VanEck has filed for a new exchange-traded fund (ETF) called the “OnChain Economy” ETF. This ETF aims to invest in companies that are part of the digital asset ecosystem, rather than directly holding cryptocurrencies. The ETF will invest at least 80% of its net assets in “Digital Transformation Companies” and digital asset instruments.
These include companies involved in crypto exchanges, payment gateways, mining operations, and firms providing infrastructure services. The ETF plans to establish a subsidiary in the Cayman Islands to manage certain digital asset investments, with exposure capped at 25% of total assets each quarter.
ElizaOS has unveiled a groundbreaking AI-powered humanoid robot priced at $420,000. This next-generation personal robot, known as “Eliza,” is designed to redefine the capabilities of robotics and intelligent machines, Eliza is designed to build deep emotional connections with users, exhibiting empathy and lifelike expressions. The robot can perform a range of tasks, from managing personal schedules to handling complex operations like blockchain transactions.
Virtuals AI launchpad has announced a significant buyback and burn program worth over $20 million for AI agents launched on their platform.

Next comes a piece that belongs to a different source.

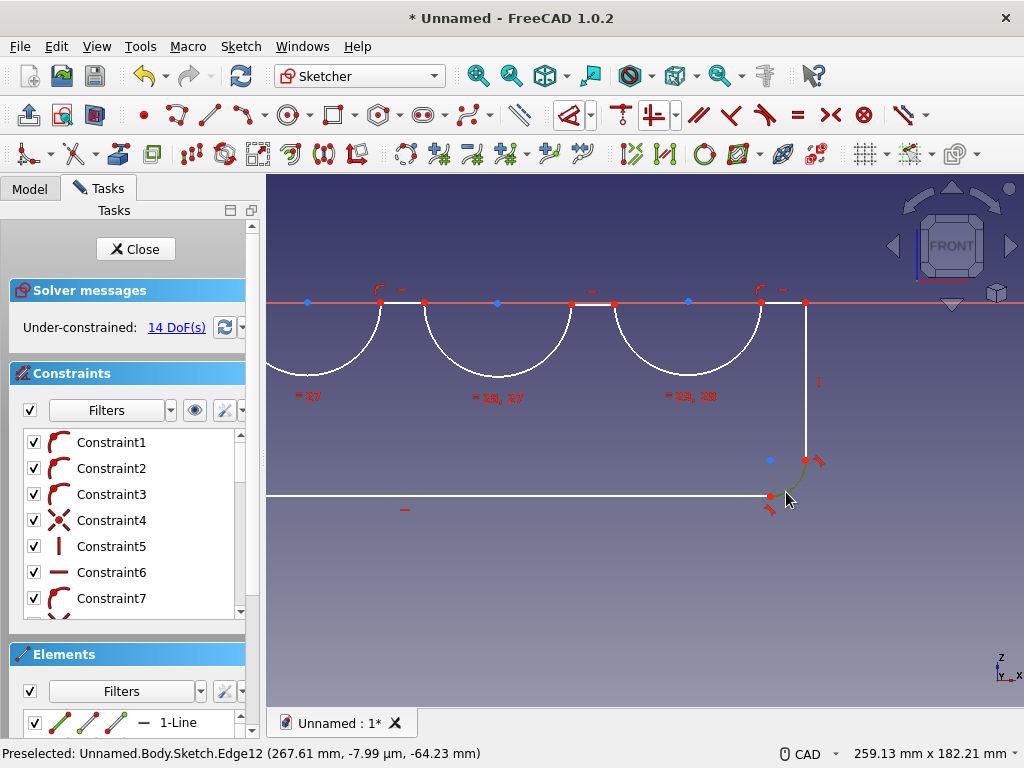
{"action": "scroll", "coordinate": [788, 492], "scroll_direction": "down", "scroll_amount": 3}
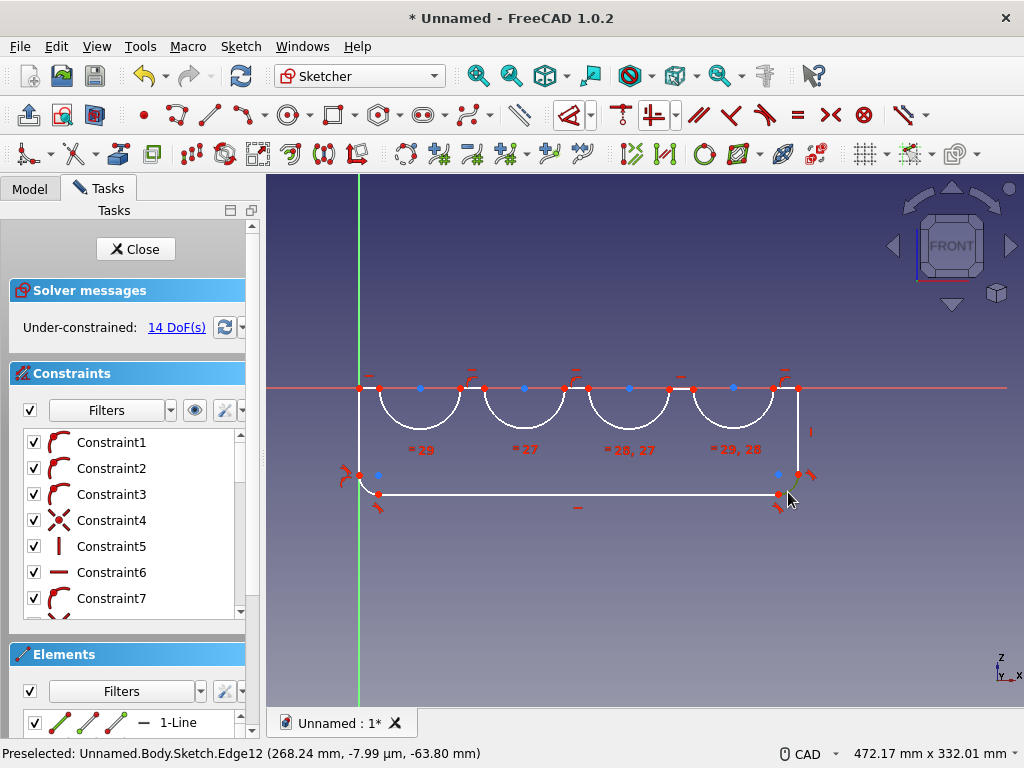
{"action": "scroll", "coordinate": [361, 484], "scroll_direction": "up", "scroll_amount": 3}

This initiative aims to reduce the supply of AI agent tokens, thereby increasing their value and promoting a healthier ecosystem. Virtuals Protocol plans to use over 13 million VIRTUAL tokens (worth approximately $48 million) to buy and burn AI agent tokens. This deflationary program is expected to boost the value of both VIRTUAL and its agent tokens. Some of the top AI agent tokens that will benefit from this program include GAME, CONVO, AIXBT, SEKOIA, and MISATO.

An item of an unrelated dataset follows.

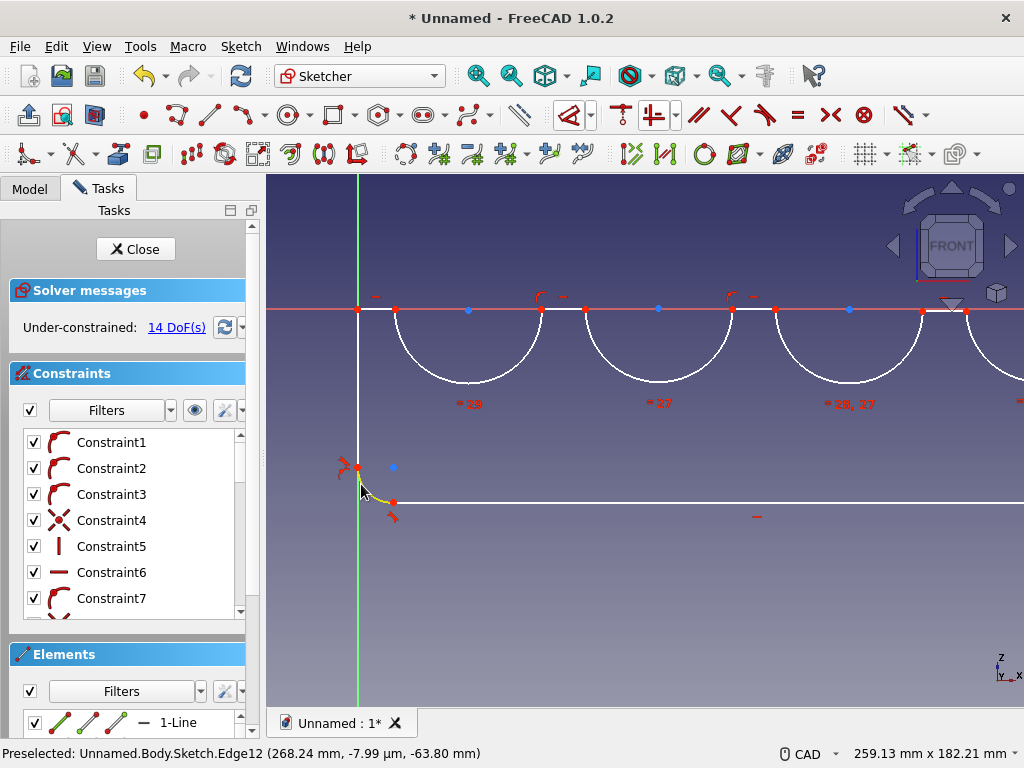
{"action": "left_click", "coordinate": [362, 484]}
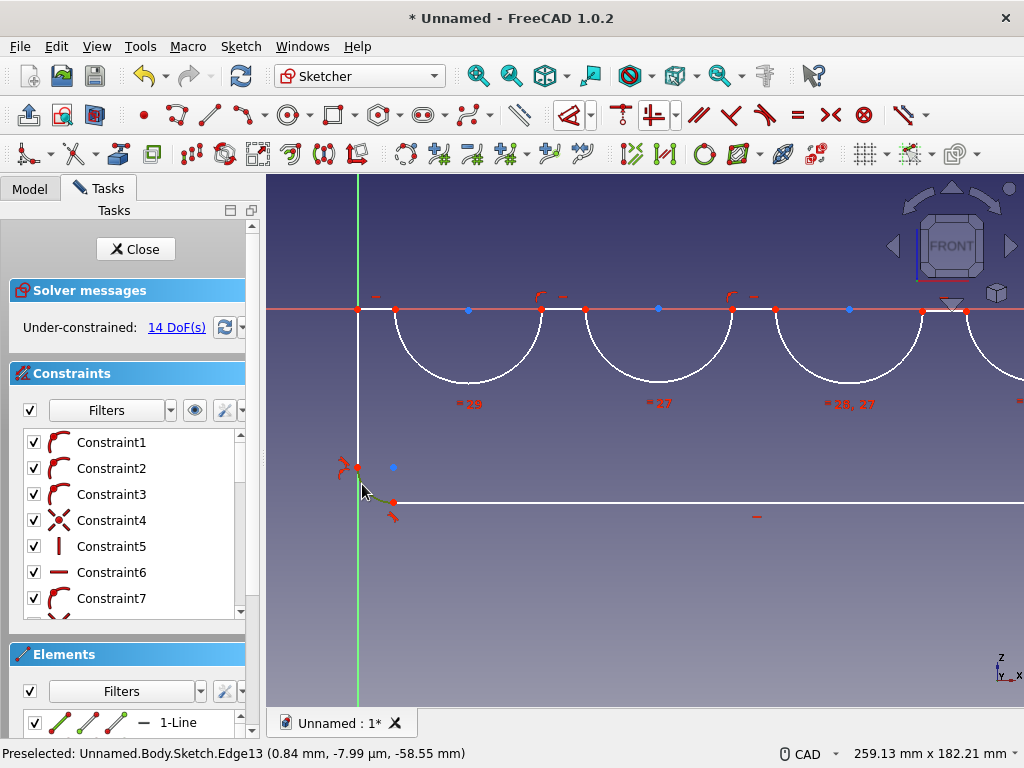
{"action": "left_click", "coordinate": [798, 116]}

Reliance Jio Platforms has partnered with Polygon Labs to bring Web3 and blockchain solutions to over 450 million users in India. This collaboration aims to integrate advanced blockchain technology into Jio’s existing applications and services, enhancing the digital experience for its massive user base. The partnership will enable Jio to offer more secure, faster, and decentralized services, leveraging Polygon’s blockchain technology. Jio plans to integrate Web3 capabilities into its existing applications, providing users with enhanced privacy and control over their personal data.